Records provided Block Start

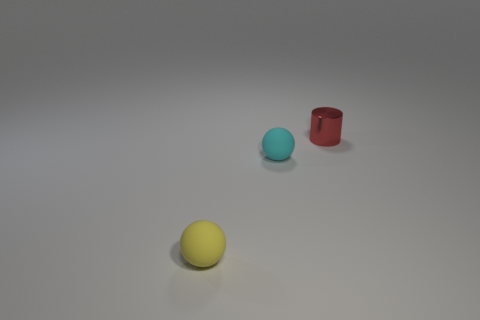Add 3 big yellow matte things. How many objects exist? 6 Subtract all cyan spheres. How many spheres are left? 1 Subtract all cylinders. How many objects are left? 2 Subtract all red spheres. Subtract all gray cubes. How many spheres are left? 2 Subtract all green cylinders. How many green balls are left? 0 Subtract all small spheres. Subtract all cyan rubber objects. How many objects are left? 0 Add 3 yellow things. How many yellow things are left? 4 Add 2 gray rubber spheres. How many gray rubber spheres exist? 2 Subtract 0 green cubes. How many objects are left? 3 Subtract 1 balls. How many balls are left? 1 
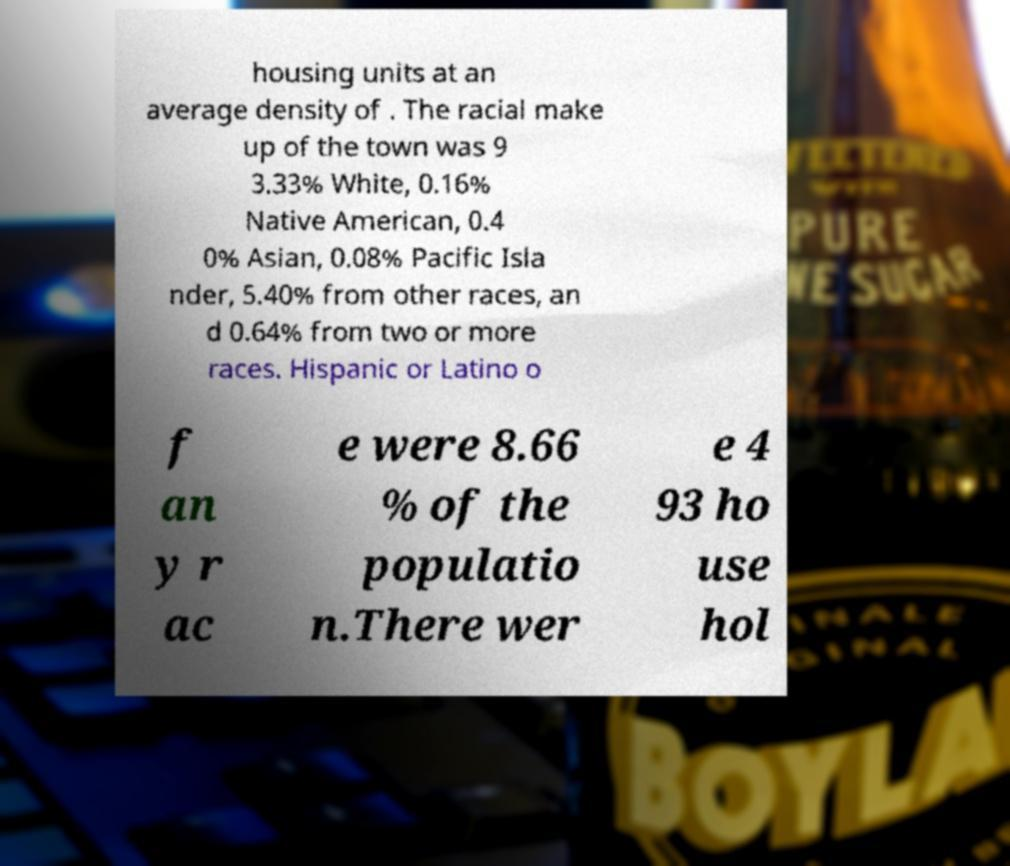Could you assist in decoding the text presented in this image and type it out clearly? housing units at an average density of . The racial make up of the town was 9 3.33% White, 0.16% Native American, 0.4 0% Asian, 0.08% Pacific Isla nder, 5.40% from other races, an d 0.64% from two or more races. Hispanic or Latino o f an y r ac e were 8.66 % of the populatio n.There wer e 4 93 ho use hol 
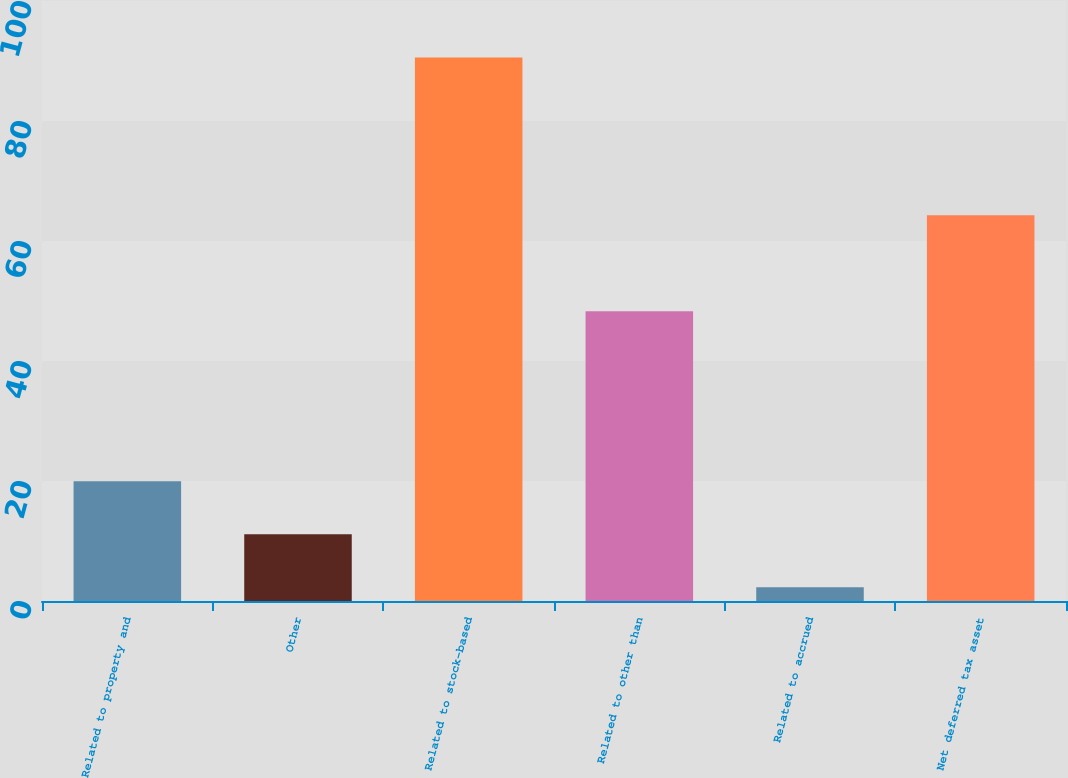<chart> <loc_0><loc_0><loc_500><loc_500><bar_chart><fcel>Related to property and<fcel>Other<fcel>Related to stock-based<fcel>Related to other than<fcel>Related to accrued<fcel>Net deferred tax asset<nl><fcel>19.96<fcel>11.13<fcel>90.6<fcel>48.3<fcel>2.3<fcel>64.3<nl></chart> 
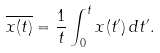Convert formula to latex. <formula><loc_0><loc_0><loc_500><loc_500>\overline { x ( t ) } = \frac { 1 } { t } \int _ { 0 } ^ { t } x ( t ^ { \prime } ) \, d t ^ { \prime } .</formula> 
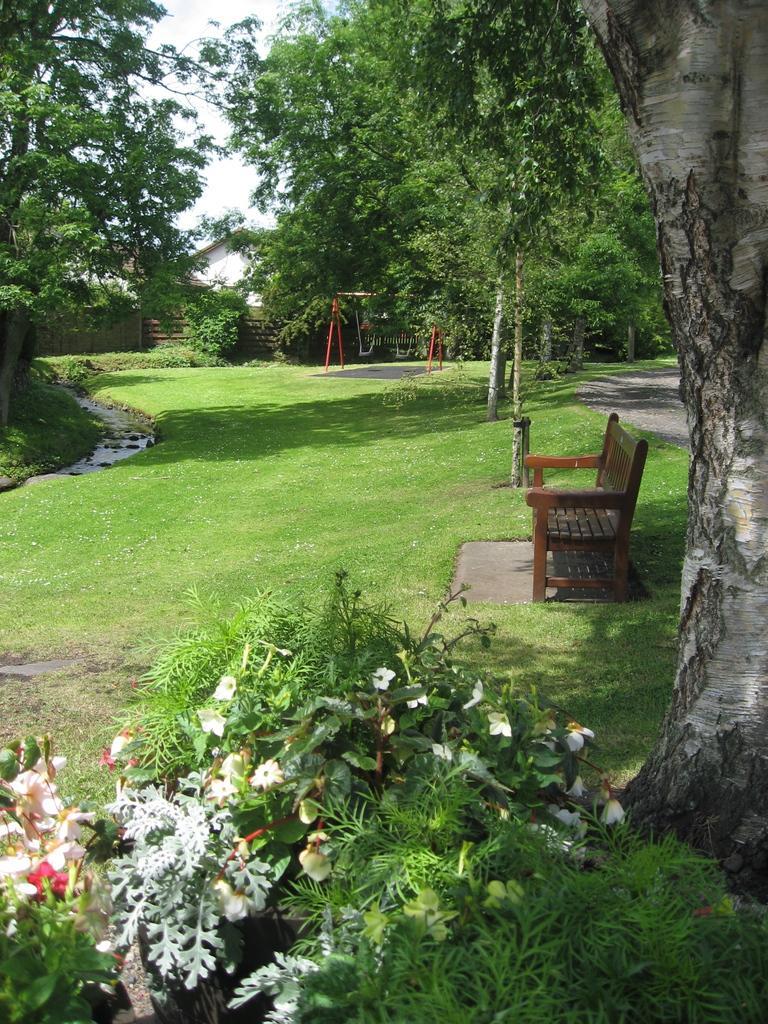How would you summarize this image in a sentence or two? In this image there is a bench in the garden there are some plants with flowers ,leaves and at the back ground there are tree and a u shaped swing in the garden , and a house and a sky. 
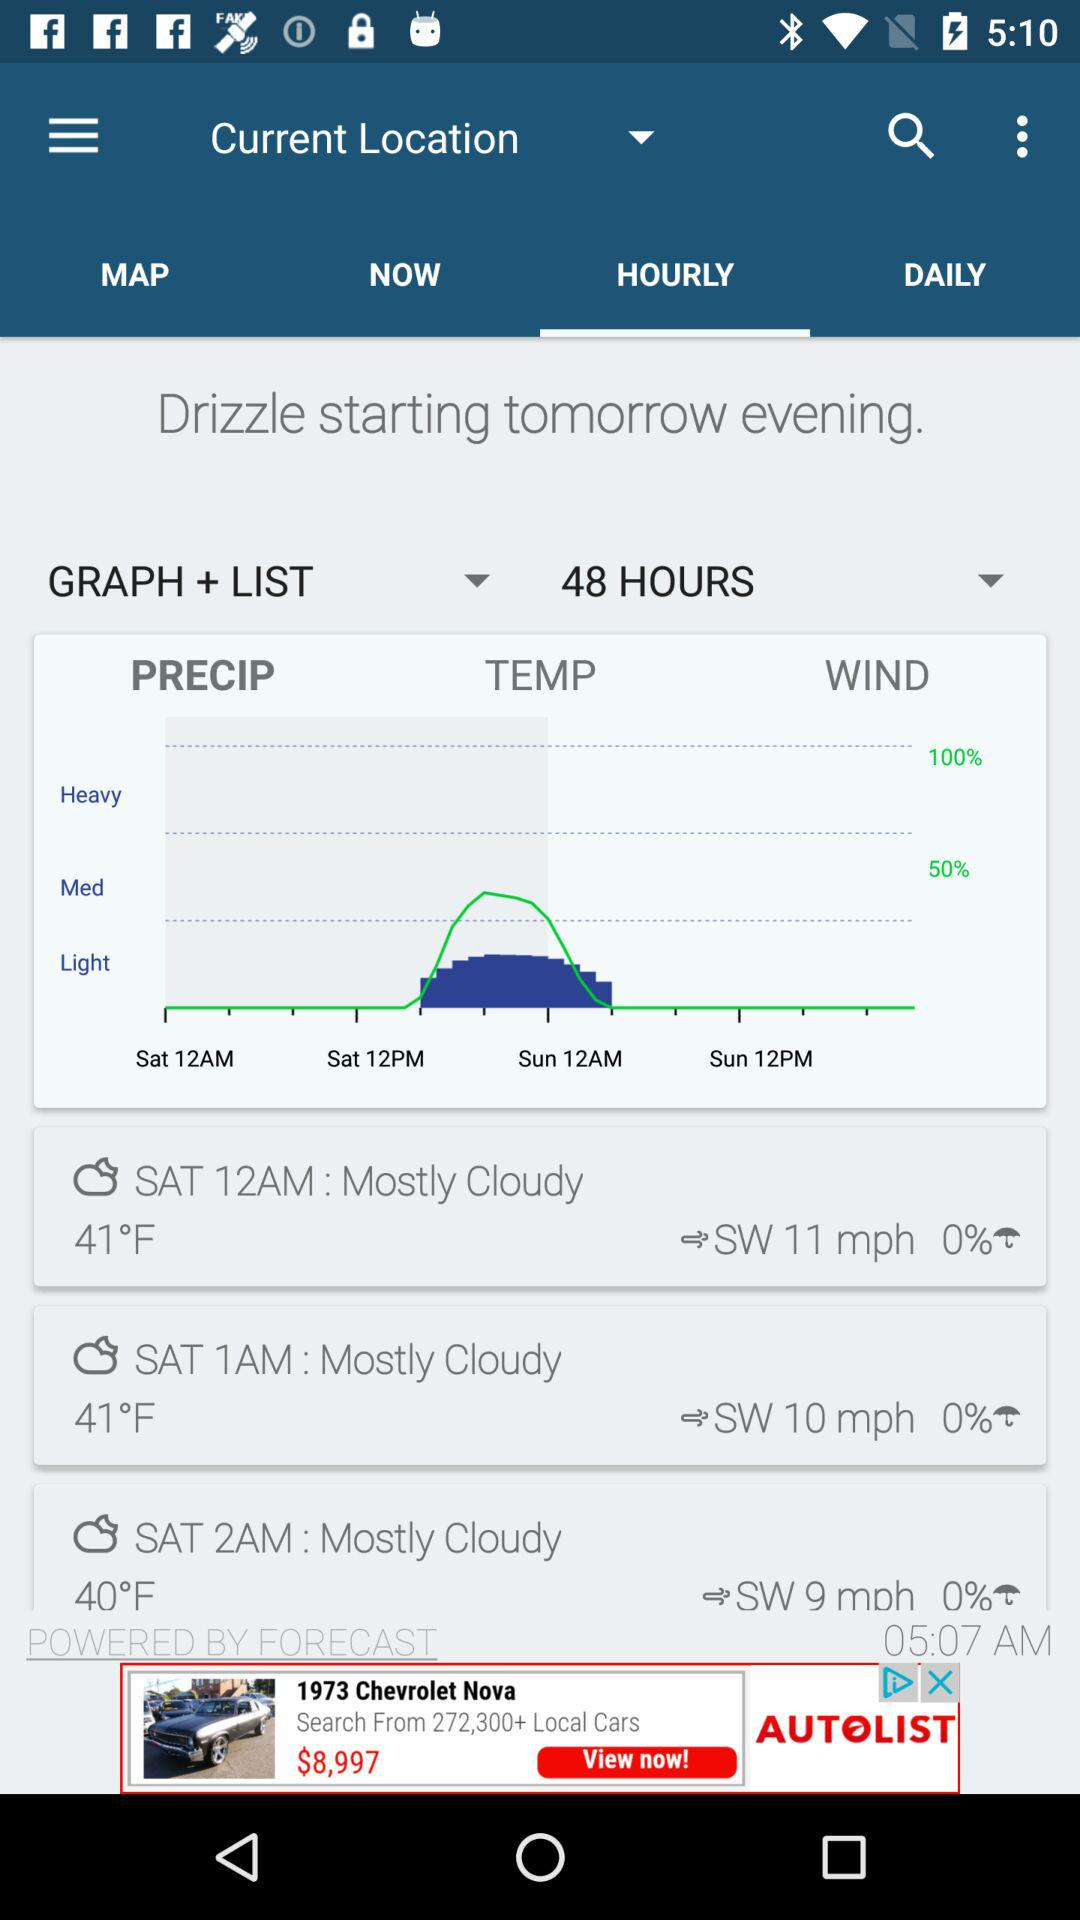What is the difference in temperature between the lowest and highest temperatures shown?
Answer the question using a single word or phrase. 1°F 
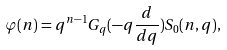<formula> <loc_0><loc_0><loc_500><loc_500>\varphi ( n ) = q ^ { n - 1 } G _ { q } ( - q \frac { d } { d q } ) S _ { 0 } ( n , q ) ,</formula>

Records provided Block End

Your copy should hold exactly the lines from the one that contains "How would you" through the final line of the data, both ends included, and no pictures.

**Written response**
How would you summarize this image in a sentence or two? In this image there is a bench in the garden there are some plants with flowers ,leaves and at the back ground there are tree and a u shaped swing in the garden , and a house and a sky. 
What is the difference in temperature between the lowest and highest temperatures shown?
Answer the question using a single word or phrase. 1°F 
<formula> <loc_0><loc_0><loc_500><loc_500>\varphi ( n ) = q ^ { n - 1 } G _ { q } ( - q \frac { d } { d q } ) S _ { 0 } ( n , q ) ,</formula>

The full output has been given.